The system-level efficiency (i.e. GFLOPS/watt) targets for the DoE-sponsored Exascale program and the DoD (DARPA MTO) sponsored PERFECT program are quite similar. In either case, the general architectural paradigm being pursued by the R&D community at the chip-level is a many-core design, possibly heterogeneous in terms of the compute elements, with the supply voltage pushed down as low as possible. Aspects of 3D packaging technology, coupled with concepts like near-memory computing to help meet the performance and efficiency targets are being pursued by various teams. Across all proposals, the issue of system-level resilience is a critical one that often gets ignored in concept-phase definitions of power-aware chip- and system-level (micro)architectural proposals. In this paper, we describe our ongoing effort (under the DARPA PERFECT program) to develop a cross-layer, resilience-focused integrated modeling framework. The goal is to demonstrate feasibility of ultra-high energy efficiency, while maintaining present-day system resilience levels in the post-14nm CMOS technology regime. Our initial thrust is on developing an analytical modeling framework that enables the study of fundamental power-performance-reliability trade-offs, while serving as a validation reference for more detailed, cycle-accurate modeling infrastructure in future phases of the PERFECT program.

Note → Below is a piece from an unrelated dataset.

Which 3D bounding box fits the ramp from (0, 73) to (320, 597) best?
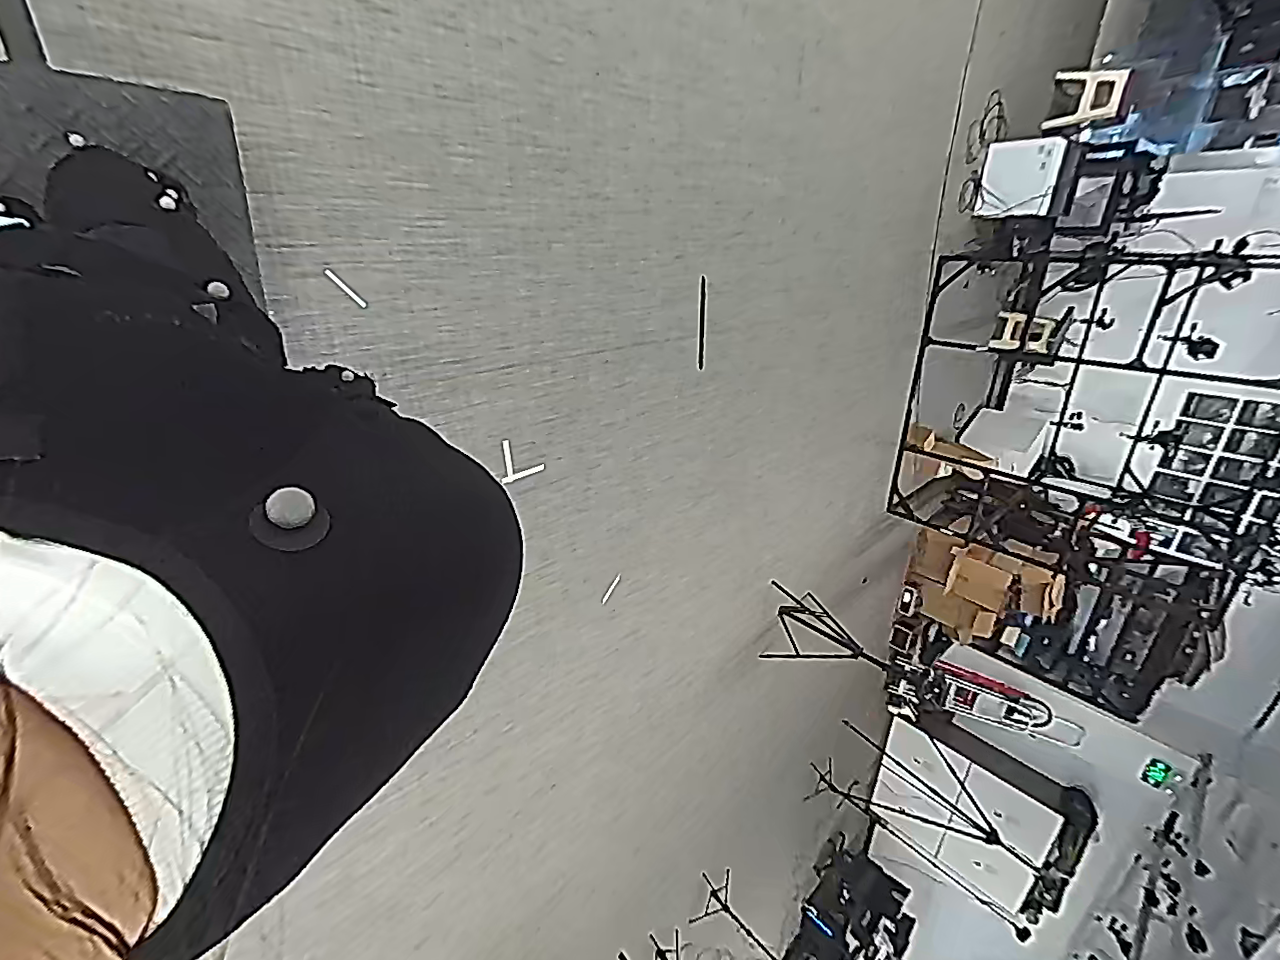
[{"bbox_3d":[-1.014,-0.220,1.121,0.509,0.206,0.991,-22,122,-38],"label":"ramp"}]

## Cross-Layer Modeling Strategy

Figure 1 depicts the integrated, cross-layer system modeling concept as pursued in the IBM-led project titled: “Efficient Resilience in Embedded Computing.”



**Figure 1.** Cross-Layer Modeling Concept

The system is modeled as a layered stack ranging from lowest level instantiations of hardware sensors, circuits and packaging at the processor chip level up through system-level architectural constructs (including memory), system software and the user-level application.

The modeling strategy is orchestrated through seven tasks as outlined below:

**T1:** The top-level cross-layer resilience optimization framework, with associated modeling environment.

**T2:** R-API, a resilience-aware application programming interface for adaptive resilience provisioning. (R-API is the smart user interface through which the application developer interacts with the PEARL modeling framework, as described later).

**T3:** Efficient memory resilience, taking advantage of low-leakage storage-class technologies as appropriate.

**T4:** Ultra-efficient microarchitecture to provide low power resilience solution support at the system level.

**T5:** Optimal voltage point selection – static and dynamic.

**T6:** Resilient circuits, technology and packaging.

**T7:** Resilient resource management (for robust power control; energy-secure operation).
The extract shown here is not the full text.